A slightly sweet fragrance lingers in the humid air of Mahtab Jafari's UC Irvine laboratory, where she and a dozen researchers, graduate students and undergrads from the Department of Pharmaceutical Sciences are hard at work to find a compound that can prolong life and health.
The whirring sound of a blender makes the aroma's source suddenly clear: a banana smoothie, but not for the humans. The puree, spiked with the essence of the plant Rhodiola rosea, is for the tens of thousands of fruit flies in the lab's sponge-topped test tubes.

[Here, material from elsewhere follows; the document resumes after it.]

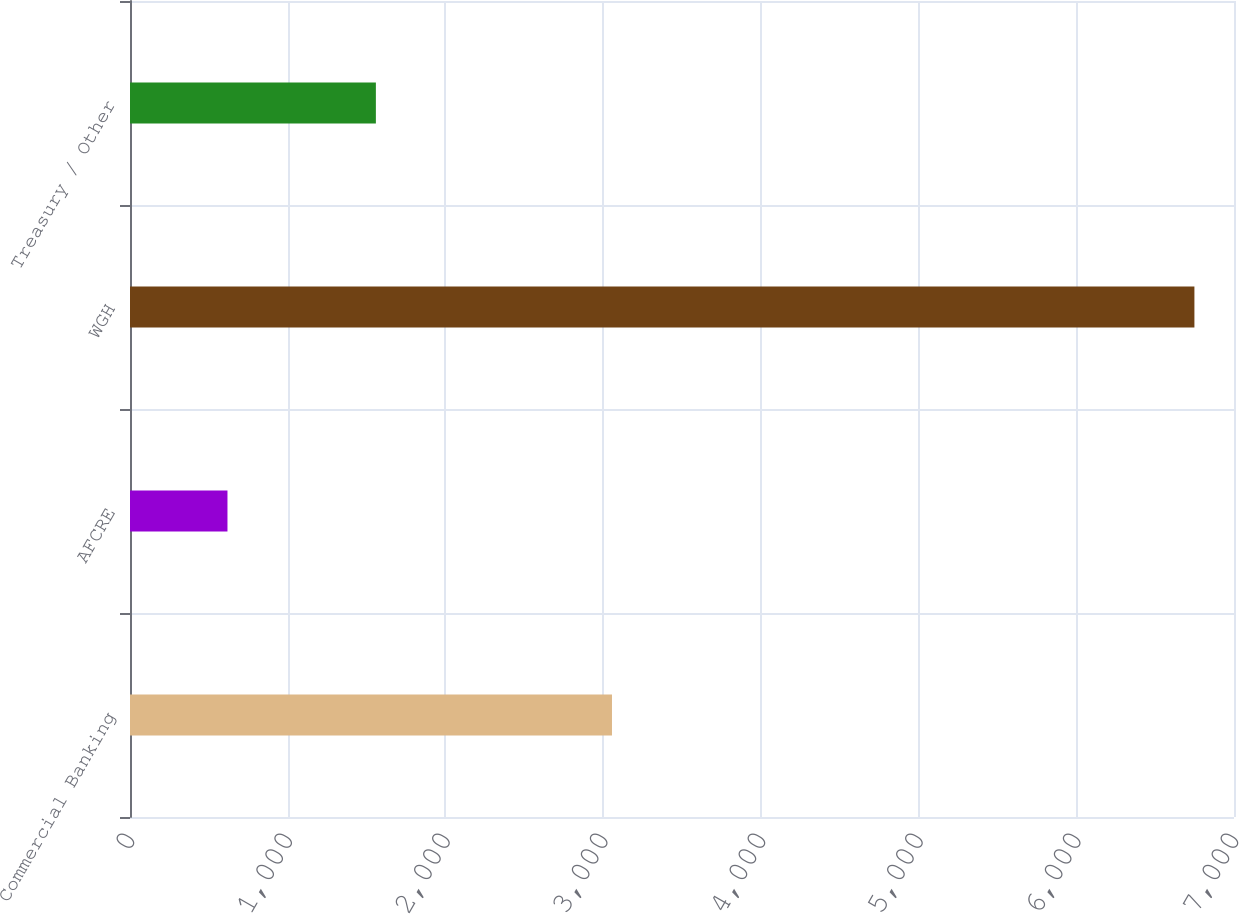<chart> <loc_0><loc_0><loc_500><loc_500><bar_chart><fcel>Commercial Banking<fcel>AFCRE<fcel>WGH<fcel>Treasury / Other<nl><fcel>3056<fcel>618<fcel>6749<fcel>1559<nl></chart> 
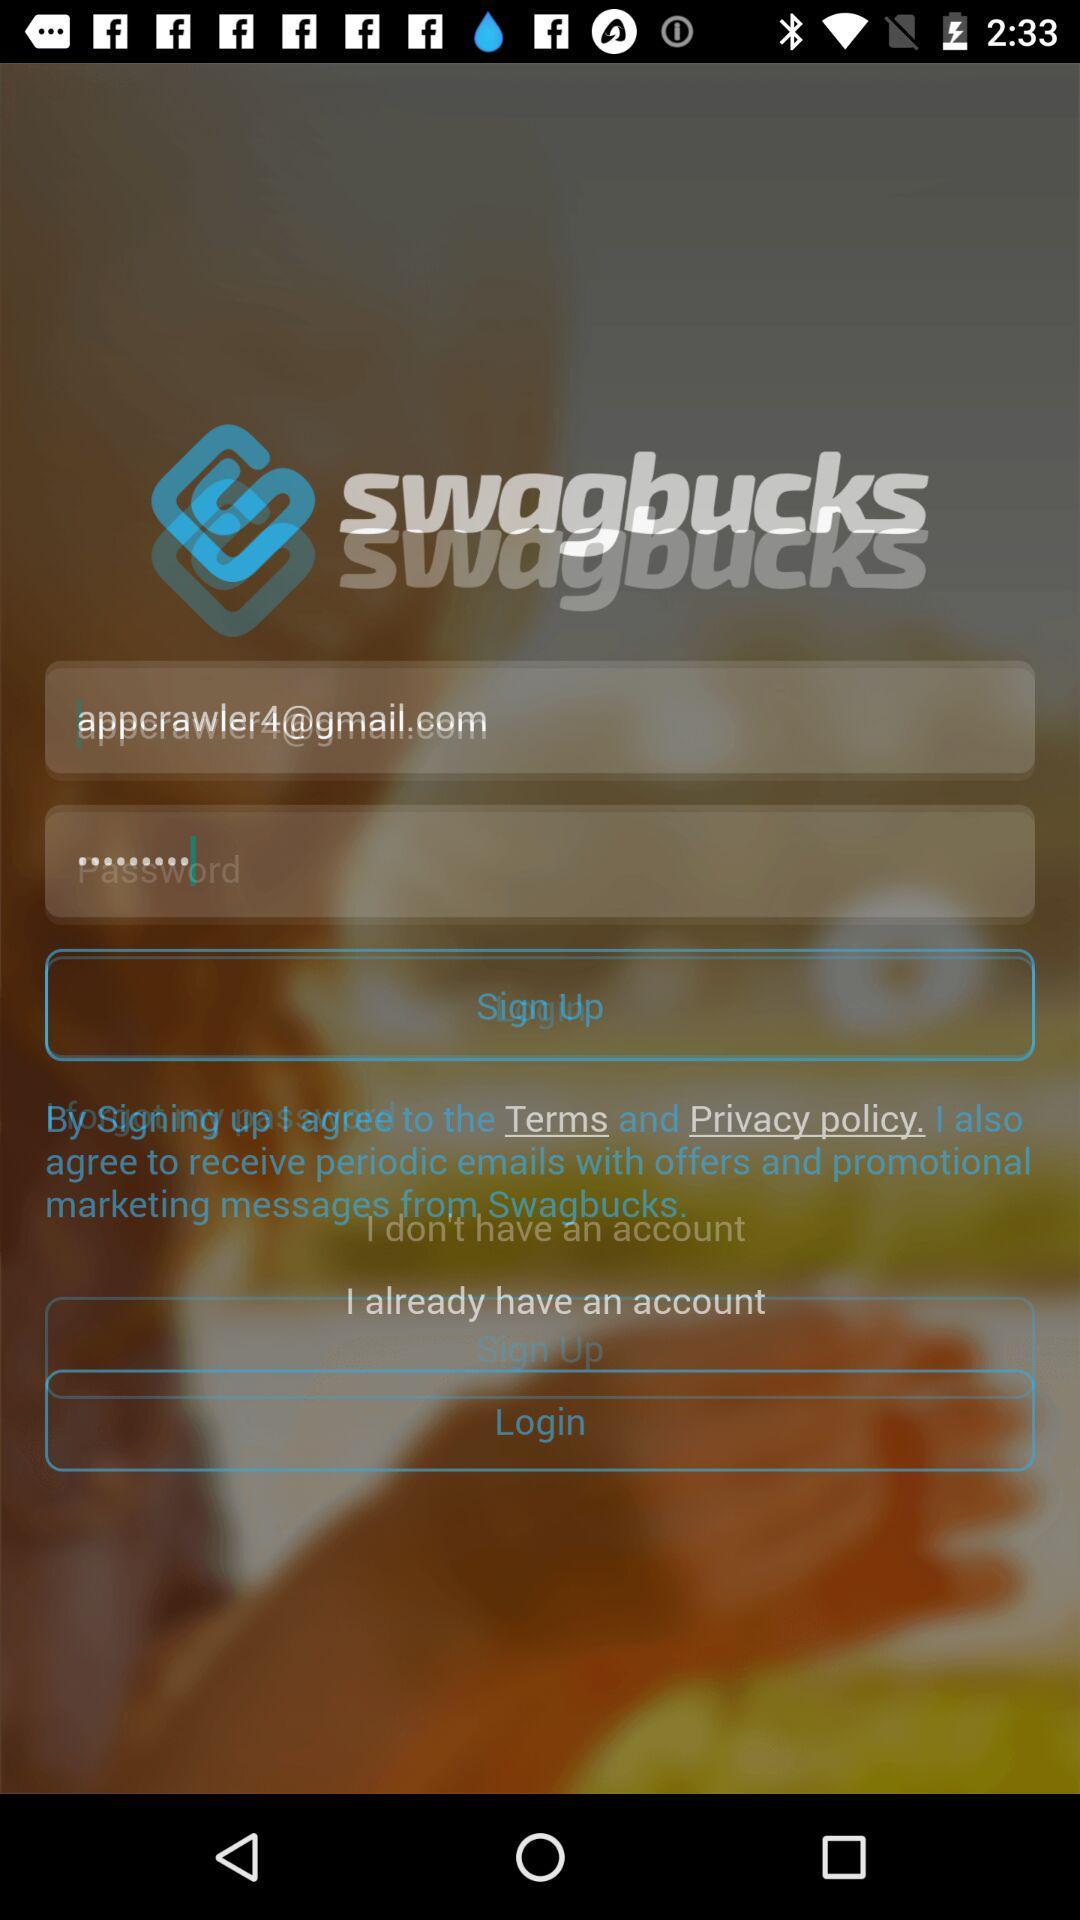How many characters are required to create a password?
When the provided information is insufficient, respond with <no answer>. <no answer>

A nearly pure extract of Rhodiola rosea not only extends the lives of fruit flies an average of 24%, it also protects cultured human cells against the damaging effects of ultraviolet light and the herbicide paraquat, Jafari and her team report in the journals Free Radical Biology & Medicine and Free Radical Research. The two newly published papers, available on line in June 2009, also show that the plant decreases the production of superoxides in flies.
What makes the chemist in Jafari really curious, though, is how the botanical works. It protects cells from the harmful effects of oxidation, but not in the same way as other promising anti-aging compounds such as resveratrol. Nor does it neutralize the destructive oxygen molecules produced by the cellular furnaces known as mitochondria.
It's the kind of puzzle that has entranced her since she was a fifth grader in Iran, when she finished a textbook describing photosynthesis and the molecular mechanisms of plants and animals in the first weeks of class and demanded another.
"I always thought science was fascinating and very cool," says Jafari, who first came to UC Irvine in 1997 as a clinical pharmacologist and began directing the university's cholesterol clinic the following year.
Jafari recalls that her elementary school science teacher soon had her tutoring classmates. Teaching is a job she still relishes, and one that has earned her the Academic Senate's Distinguished Assistant Professor Award for Teaching.
It was the chance to guide budding scientists as a founding faculty member of the university's new Department of Pharmaceutical Sciences that helped lure her back to UC Irvine in 2005 after a three-year stint in private industry. The other draw was the opportunity to launch her own research on aging.
"After working for almost 10 years in the pharmacotherapy of many diseases such as cardiovascular and neurodegenerative problems, finally the apple fell from the tree," the associate professor of pharmaceutical science explains. "I realized it all falls under the umbrella of aging."
If the aging process could be slowed down at the molecular level, so too could the progression of such diseases, she theorized. "I screened 75 possible anti-aging compounds, botanicals and pharmaceuticals, but my best results were with plants," she says. "The most striking was Rhodiola rosea."
The flowering plant has long been a folk remedy in the harsh, cold and mountainous regions in Europe and Asia where it is found, Jafari knew. In the 1940s, Russian scientists began studying it to enhance endurance, memory and mood. Research has since shown that it can reduce blood glucose levels in diabetic mice, slow the growth of tumors in rat models and protect snail larvae from certain environmental threats.
To see if Rhodiola rosea also prolongs the span and quality of life, Jafari began testing it on fruit flies, which live a matter of weeks, not decades. She and her project scientist Samuel E. Schriner are beginning a study of its effects on mice. "As you know, you can't study lifespan extension in humans, we just live too long," she says.
The puzzle of how the plant works is beginning to take shape, Jafari says, adding, "The data is so exciting that some nights I just want to wake up at 4 a.m. and start writing."
Jafari wants her students to find similar inspiration. "I tell them, ‘You have to get up every morning being excited about your work, even as an undergraduate student."